SQL Considerations for Multitable Queries

The multitable queries described thus far have not required any special SQL syntax or language features beyond those described for single-table queries. However, some multitable queries cannot be expressed without the additional SQL language features described in the following sections. Specifically:

  • Qualified column names are sometimes needed in multitable queries to eliminate ambiguous column references.
  • All-column selections(SELECT *) have a special meaning for multitable queries.
  • Self-joins can be used to create a multitable query that relates a table to itself.
  • Table aliase scan be used in the FROM clause to simplify qualified column names and allow unambiguous column references in self-joins.

1. Qualified Column Names

The sample database includes several instances where two tables contain columns with the same name. The OFFICES table and the SALESREPS table, for example, both have a column named SALES. The column in the OFFICES table contains year-to-date sales for each office; the one in the SALESREPS table contains year-to-date sales for each salesperson. Normally, there is no confusion between the two columns, because the FROM clause determines which of them is appropriate in any given query, as in these examples:

Show the cities where sales exceed target.

SELECT CITY, SALES

FROM OFFICES

WHERE SALES > TARGET

Show all salespeople with sales over $350,000.

 SELECT NAME, SALES

FROM SALESREPS

WHERE SALES > 350000.00

However, here is a query where the duplicate names cause a problem:

Show the name, sales, and office for each salesperson.

SELECT NAME, SALES, CITY

FROM SALESREPS, OFFICES

WHERE REP_OFFICE = OFFICE

Error: Ambiguous column name “SALES”

Although the English description of the query implies that you want the SALES column in the SALESREPS table, the SQL query is ambiguous. The DBMS has no way of knowing whether you want the SALES column from the SALESREPS table or the one from the OFFICES table, since both are contributing data to the query results. To eliminate the ambiguity, you must use a qualified column name to identify the column. Recall from Chapter 5 that a qualified column name specifies the name of a column and the table containing the column. The qualified names of the two SALES columns in the sample database are:

OFFICES.SALES and SALESREPS.SALES

A qualified column name can be used in a SELECT statement anywhere that a column name is permitted. The table specified in the qualified column name must, of course, match one of the tables specified in the FROM list. Here is a corrected version of the previous query that uses a qualified column name:

Show the name, sales, and office for each salesperson.

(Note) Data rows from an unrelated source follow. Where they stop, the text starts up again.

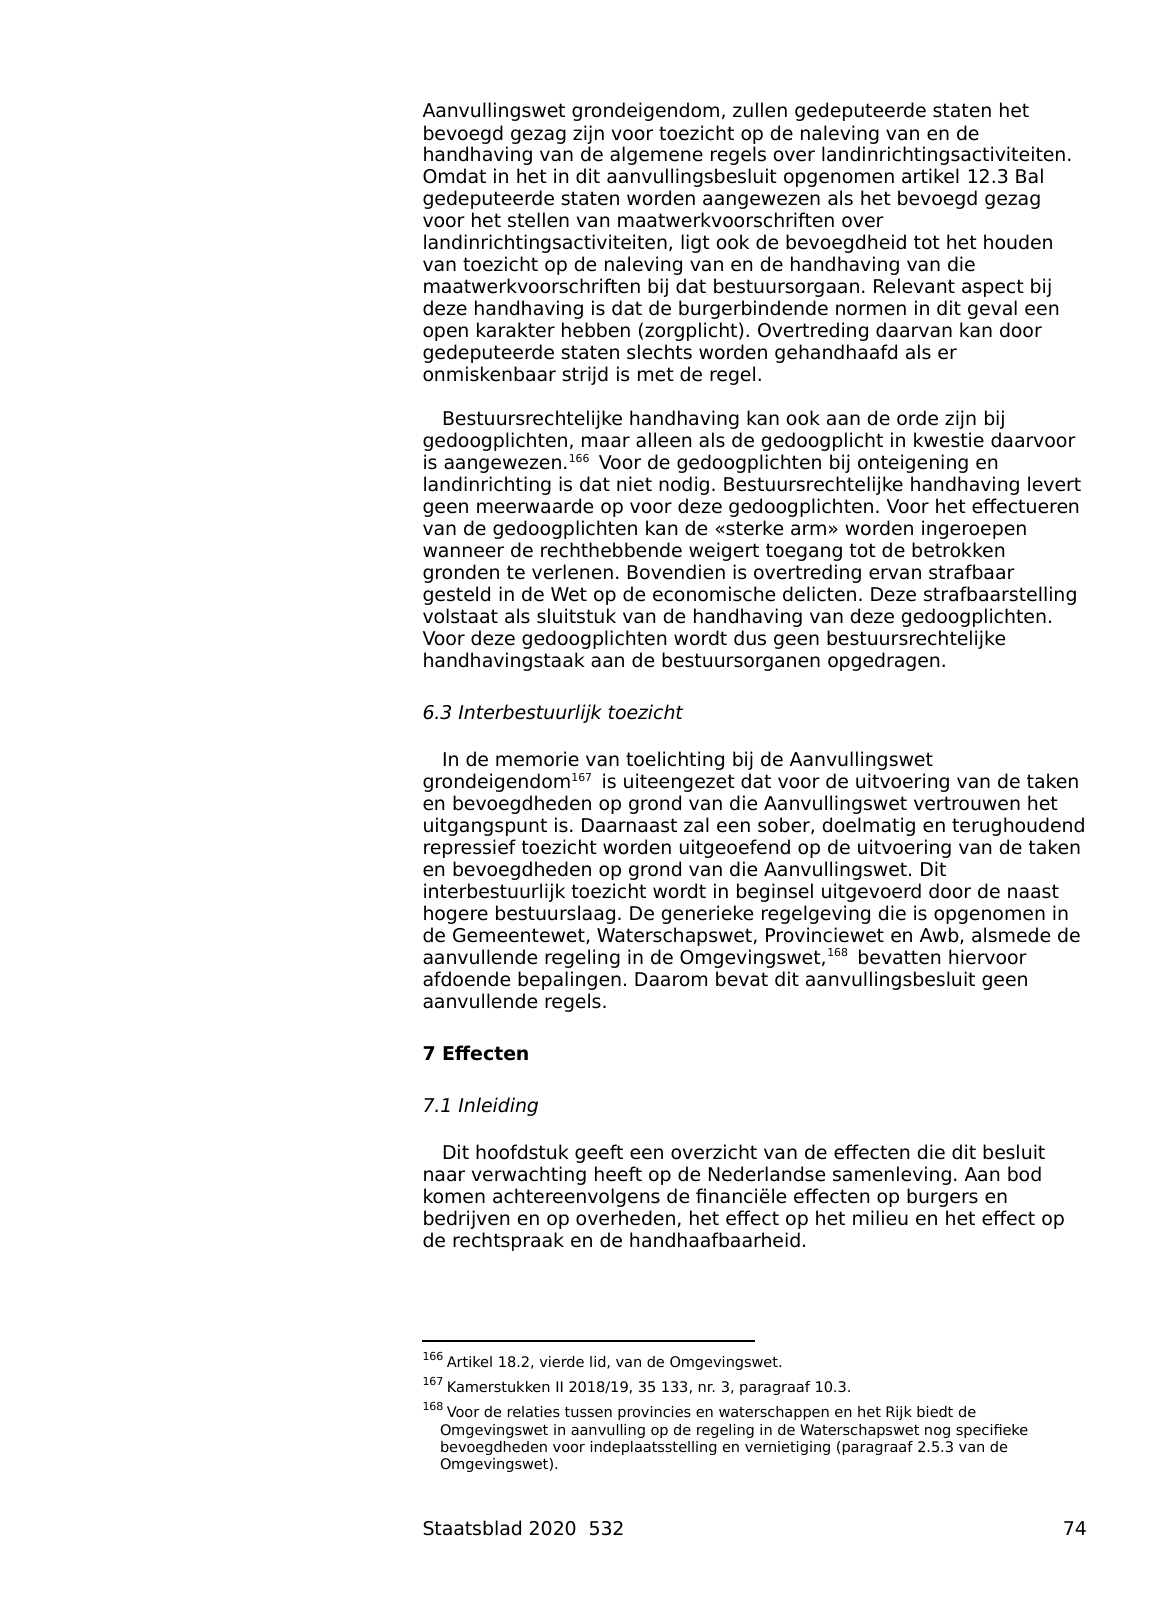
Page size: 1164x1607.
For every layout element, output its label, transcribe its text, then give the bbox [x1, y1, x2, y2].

text Bestuursrechtelijke handhaving kan ook aan de orde zijn bij gedoogplichten, maar alleen als de gedoogplicht in kwestie daarvoor is aangewezen. Voor de gedoogplichten bij onteigening en landinrichting is dat niet nodig. Bestuursrechtelijke handhaving levert geen meerwaarde op voor deze gedoogplichten. Voor het effectueren van de gedoogplichten kan de «sterke arm» worden ingeroepen wanneer de rechthebbende weigert toegang tot de betrokken gronden te verlenen. Bovendien is overtreding ervan strafbaar gesteld in de Wet op de economische delicten. Deze strafbaarstelling volstaat als sluitstuk van de handhaving van deze gedoogplichten. Voor deze gedoogplichten wordt dus geen bestuursrechtelijke handhavingstaak aan de bestuursorganen opgedragen. [422, 408, 1087, 672]
text Voor de relaties tussen provincies en waterschappen en het Rijk biedt de Omgevingswet in aanvulling op de regeling in de Waterschapswet nog specifieke bevoegdheden voor indeplaatsstelling en vernietiging (paragraaf 2.5.3 van de Omgevingswet). [422, 1400, 1087, 1473]
subtitle 6.3 Interbestuurlijk toezicht [422, 702, 1087, 724]
text In de memorie van toelichting bij de Aanvullingswet grondeigendom is uiteengezet dat voor de uitvoering van de taken en bevoegdheden op grond van die Aanvullingswet vertrouwen het uitgangspunt is. Daarnaast zal een sober, doelmatig en terughoudend repressief toezicht worden uitgeoefend op de uitvoering van de taken en bevoegdheden op grond van die Aanvullingswet. Dit interbestuurlijk toezicht wordt in beginsel uitgevoerd door de naast hogere bestuurslaag. De generieke regelgeving die is opgenomen in de Gemeentewet, Waterschapswet, Provinciewet en Awb, alsmede de aanvullende regeling in de Omgevingswet, bevatten hiervoor afdoende bepalingen. Daarom bevat dit aanvullingsbesluit geen aanvullende regels. [422, 749, 1087, 1013]
subtitle 7 Effecten [422, 1043, 1087, 1065]
text Artikel 18.2, vierde lid, van de Omgevingswet. [422, 1350, 1087, 1372]
text Dit hoofdstuk geeft een overzicht van de effecten die dit besluit naar verwachting heeft op de Nederlandse samenleving. Aan bod komen achtereenvolgens de financiële effecten op burgers en bedrijven en op overheden, het effect op het milieu en het effect op de rechtspraak en de handhaafbaarheid. [422, 1142, 1087, 1252]
text Kamerstukken II 2018/19, 35 133, nr. 3, paragraaf 10.3. [422, 1375, 1087, 1397]
text Aanvullingswet grondeigendom, zullen gedeputeerde staten het bevoegd gezag zijn voor toezicht op de naleving van en de handhaving van de algemene regels over landinrichtingsactiviteiten. Omdat in het in dit aanvullingsbesluit opgenomen artikel 12.3 Bal gedeputeerde staten worden aangewezen als het bevoegd gezag voor het stellen van maatwerkvoorschriften over landinrichtingsactiviteiten, ligt ook de bevoegdheid tot het houden van toezicht op de naleving van en de handhaving van die maatwerkvoorschriften bij dat bestuursorgaan. Relevant aspect bij deze handhaving is dat de burgerbindende normen in dit geval een open karakter hebben (zorgplicht). Overtreding daarvan kan door gedeputeerde staten slechts worden gehandhaafd als er onmiskenbaar strijd is met de regel. [422, 100, 1087, 386]
subtitle 7.1 Inleiding [422, 1095, 1087, 1117]

 SELECT NAME, SALESREPS.SALES, CITY

FROM SALESREPS, OFFICES

WHERE REP_OFFICE = OFFICE

Using qualified column names in a multitable query is always a good idea. The disadvantage, of course, is that they make the query text longer. When using interactive SQL, you may want to first try a query with unqualified column names and let SQL find any ambiguous columns. If SQL reports an error, you can edit your query to qualify the ambiguous columns.

2. All-Column Selections

As discussed in Chapter 6, SELECT * can be used to select all columns of the table named in the FROM clause. In a multitable query, the asterisk selects all columns of all tables in the FROM clause. The following query, for example, would produce fifteen columns of query results—the nine columns from the SALESREPS table followed by the six columns from the OFFICES table:

Tell me all about salespeople and the offices where they work.

 SELECT *

FROM SALESREPS, OFFICES

WHERE REP_OFFICE = OFFICE

Obviously, the SELECT * form of a query becomes much less practical when there are two, three, or more tables in the FROM clause.

Many SQL dialects treat the asterisk as a special kind of wildcard column name that is expanded into a list of columns. In these dialects, the asterisk can be qualified with a table name, just like a qualified column reference. In the following query, the select item SALESREPS.* is expanded into a list containing only the columns found in the SALESREPS table:

Tell me all about salespeople and the places where they work.

SELECT SALESREPS.*, CITY, REGION

FROM SALESREPS, OFFICES

WHERE REP_OFFICE = OFFICE

The query would produce eleven columns of query results—the nine columns of the SALESREPS table, followed by the two other columns explicitly requested from the OFFICES table. This type of “qualified all-columns” select item is supported in many, but not all brands of SQL-based DBMS. It was not allowed by the SQL1 standard but is part of the ANSI/ISO SQL2 specification.

3. Self-Joins

Some multitable queries involve a relationship that a table has with itself. For example, suppose you want to list the names of all salespeople and their managers. Each salesperson appears as a row in the SALESREPS table, and the MANAGER column contains the employee number of the salesperson’s manager. It would appear that the MANAGER column should be a foreign key for the table that holds data about managers. In fact it is—it’s a foreign key for the SALESREPS table itself!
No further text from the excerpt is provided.